** Required work **
Below is a listing from which only part is wanted; return exactly the lines from the one with "text Burgemeester en" up to and including the one with "text Lelystad een".
START Supplied data
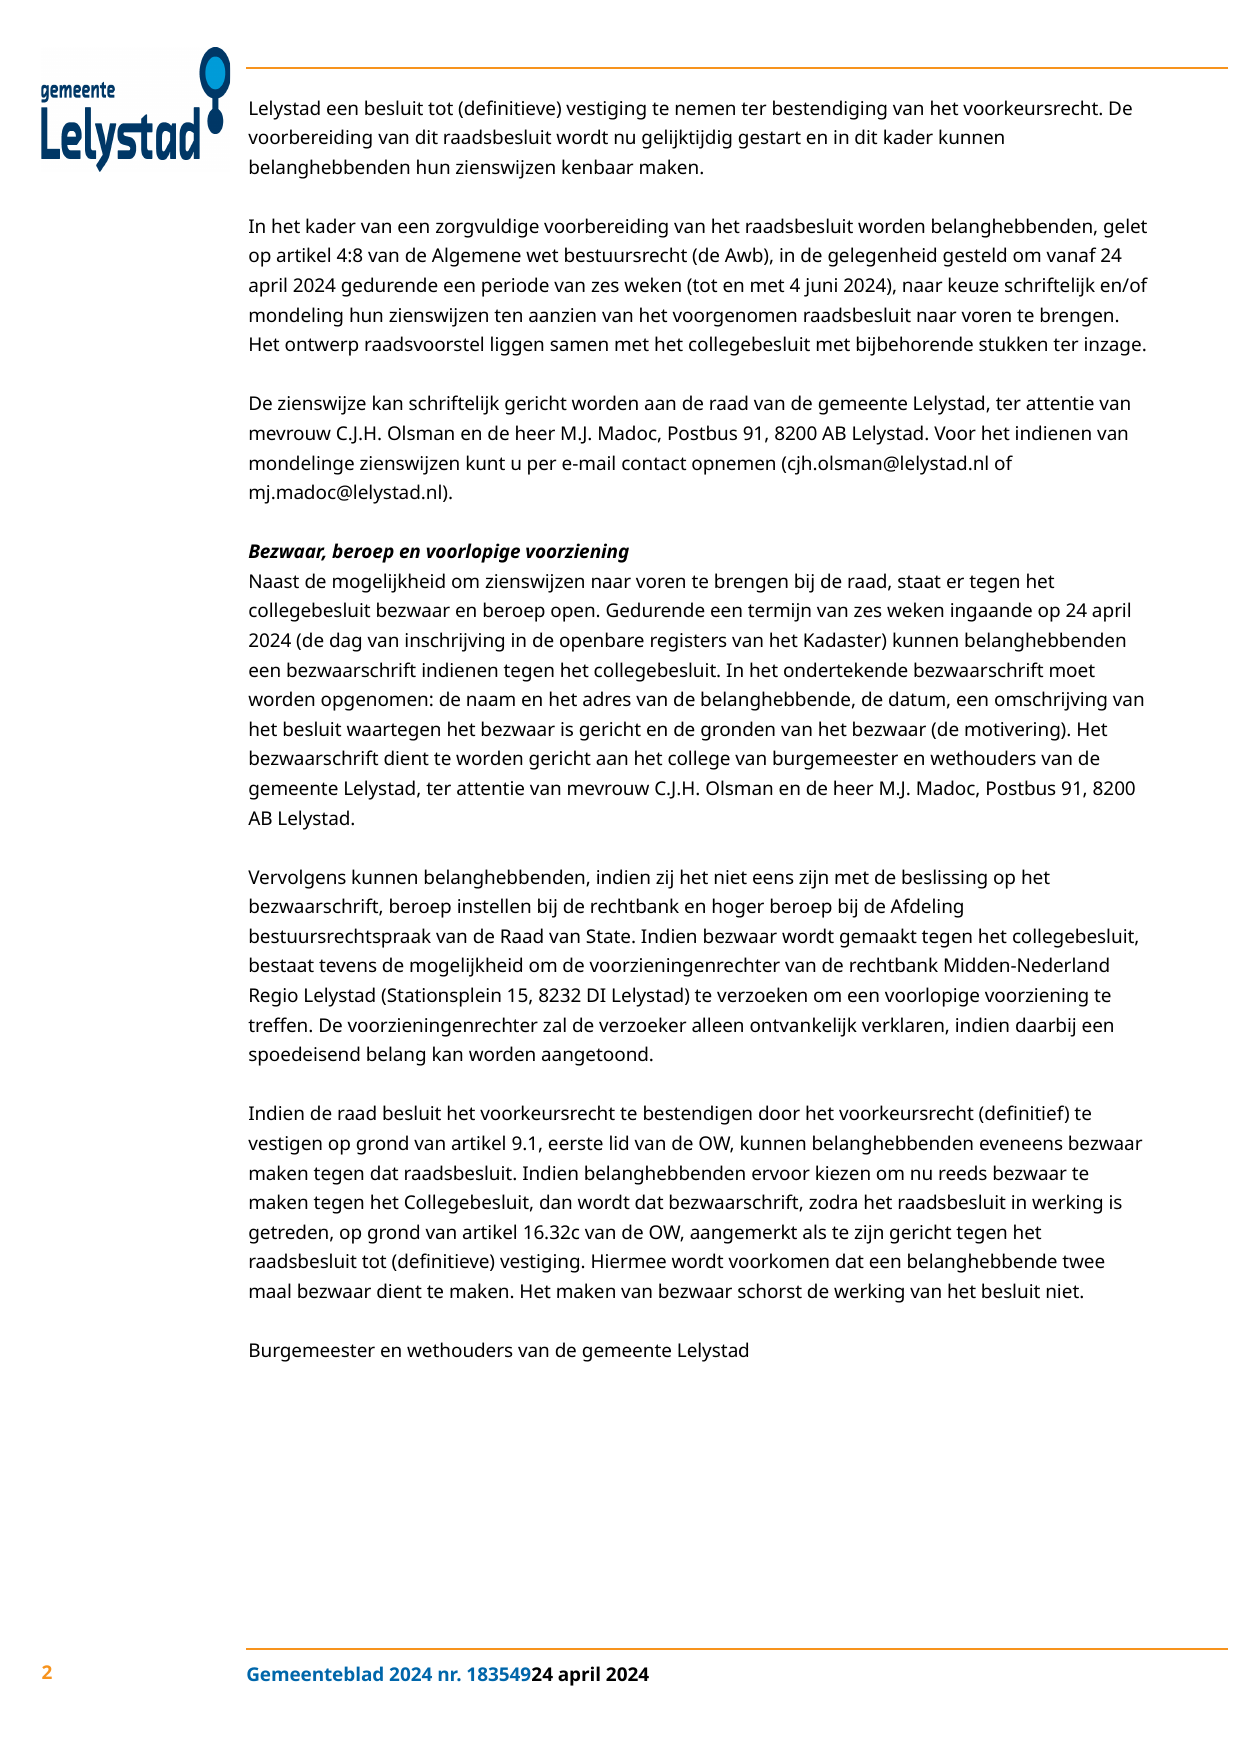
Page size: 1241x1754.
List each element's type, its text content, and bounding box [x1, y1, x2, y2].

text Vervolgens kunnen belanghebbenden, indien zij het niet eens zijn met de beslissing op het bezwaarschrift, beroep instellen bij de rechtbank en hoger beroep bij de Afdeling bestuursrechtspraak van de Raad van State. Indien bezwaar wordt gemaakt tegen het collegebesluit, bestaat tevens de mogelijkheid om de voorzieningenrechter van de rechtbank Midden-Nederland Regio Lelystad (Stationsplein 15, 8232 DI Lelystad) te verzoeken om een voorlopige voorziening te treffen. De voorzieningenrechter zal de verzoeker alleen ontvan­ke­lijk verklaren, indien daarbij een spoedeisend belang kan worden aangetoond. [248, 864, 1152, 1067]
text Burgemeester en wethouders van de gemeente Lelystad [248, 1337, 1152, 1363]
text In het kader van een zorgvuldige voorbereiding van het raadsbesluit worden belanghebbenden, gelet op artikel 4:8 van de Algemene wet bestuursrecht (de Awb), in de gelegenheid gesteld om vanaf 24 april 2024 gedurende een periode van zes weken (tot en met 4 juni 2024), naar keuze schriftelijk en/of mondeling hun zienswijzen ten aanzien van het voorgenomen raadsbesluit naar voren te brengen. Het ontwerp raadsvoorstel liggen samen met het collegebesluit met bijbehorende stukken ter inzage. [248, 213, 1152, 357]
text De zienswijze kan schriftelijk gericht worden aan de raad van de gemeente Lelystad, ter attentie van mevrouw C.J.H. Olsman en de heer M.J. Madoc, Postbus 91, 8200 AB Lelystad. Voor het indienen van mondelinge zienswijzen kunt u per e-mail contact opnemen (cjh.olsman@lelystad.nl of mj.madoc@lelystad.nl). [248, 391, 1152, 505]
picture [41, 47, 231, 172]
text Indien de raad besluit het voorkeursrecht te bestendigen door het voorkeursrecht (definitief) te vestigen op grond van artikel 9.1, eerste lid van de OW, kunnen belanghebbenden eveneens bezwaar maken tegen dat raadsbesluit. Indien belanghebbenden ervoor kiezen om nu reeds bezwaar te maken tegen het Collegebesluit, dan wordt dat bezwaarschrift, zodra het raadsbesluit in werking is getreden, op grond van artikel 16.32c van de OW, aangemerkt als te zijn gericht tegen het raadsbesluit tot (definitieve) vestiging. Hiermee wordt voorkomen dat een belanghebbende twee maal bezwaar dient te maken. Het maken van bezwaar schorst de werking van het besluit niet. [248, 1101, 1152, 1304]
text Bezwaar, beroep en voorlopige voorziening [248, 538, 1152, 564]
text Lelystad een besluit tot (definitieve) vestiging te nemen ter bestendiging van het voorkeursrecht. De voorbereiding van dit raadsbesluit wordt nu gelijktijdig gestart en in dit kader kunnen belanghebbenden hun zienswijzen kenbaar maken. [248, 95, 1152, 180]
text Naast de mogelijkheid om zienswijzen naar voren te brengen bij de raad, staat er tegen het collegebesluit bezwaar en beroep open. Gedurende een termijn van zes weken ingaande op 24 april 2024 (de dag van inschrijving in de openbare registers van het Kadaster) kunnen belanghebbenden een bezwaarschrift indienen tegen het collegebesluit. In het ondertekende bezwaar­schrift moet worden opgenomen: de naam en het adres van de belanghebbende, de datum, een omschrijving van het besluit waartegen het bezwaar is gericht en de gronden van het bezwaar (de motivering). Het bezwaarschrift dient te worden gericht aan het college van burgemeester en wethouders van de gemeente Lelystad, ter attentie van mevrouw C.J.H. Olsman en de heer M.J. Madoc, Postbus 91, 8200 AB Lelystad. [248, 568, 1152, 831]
END Supplied data
** Worked solution **
text Burgemeester en wethouders van de gemeente Lelystad [248, 1337, 1152, 1363]
text In het kader van een zorgvuldige voorbereiding van het raadsbesluit worden belanghebbenden, gelet op artikel 4:8 van de Algemene wet bestuursrecht (de Awb), in de gelegenheid gesteld om vanaf 24 april 2024 gedurende een periode van zes weken (tot en met 4 juni 2024), naar keuze schriftelijk en/of mondeling hun zienswijzen ten aanzien van het voorgenomen raadsbesluit naar voren te brengen. Het ontwerp raadsvoorstel liggen samen met het collegebesluit met bijbehorende stukken ter inzage. [248, 213, 1152, 357]
text De zienswijze kan schriftelijk gericht worden aan de raad van de gemeente Lelystad, ter attentie van mevrouw C.J.H. Olsman en de heer M.J. Madoc, Postbus 91, 8200 AB Lelystad. Voor het indienen van mondelinge zienswijzen kunt u per e-mail contact opnemen (cjh.olsman@lelystad.nl of mj.madoc@lelystad.nl). [248, 391, 1152, 505]
picture [41, 47, 231, 172]
text Indien de raad besluit het voorkeursrecht te bestendigen door het voorkeursrecht (definitief) te vestigen op grond van artikel 9.1, eerste lid van de OW, kunnen belanghebbenden eveneens bezwaar maken tegen dat raadsbesluit. Indien belanghebbenden ervoor kiezen om nu reeds bezwaar te maken tegen het Collegebesluit, dan wordt dat bezwaarschrift, zodra het raadsbesluit in werking is getreden, op grond van artikel 16.32c van de OW, aangemerkt als te zijn gericht tegen het raadsbesluit tot (definitieve) vestiging. Hiermee wordt voorkomen dat een belanghebbende twee maal bezwaar dient te maken. Het maken van bezwaar schorst de werking van het besluit niet. [248, 1101, 1152, 1304]
text Bezwaar, beroep en voorlopige voorziening [248, 538, 1152, 564]
text Lelystad een besluit tot (definitieve) vestiging te nemen ter bestendiging van het voorkeursrecht. De voorbereiding van dit raadsbesluit wordt nu gelijktijdig gestart en in dit kader kunnen belanghebbenden hun zienswijzen kenbaar maken. [248, 95, 1152, 180]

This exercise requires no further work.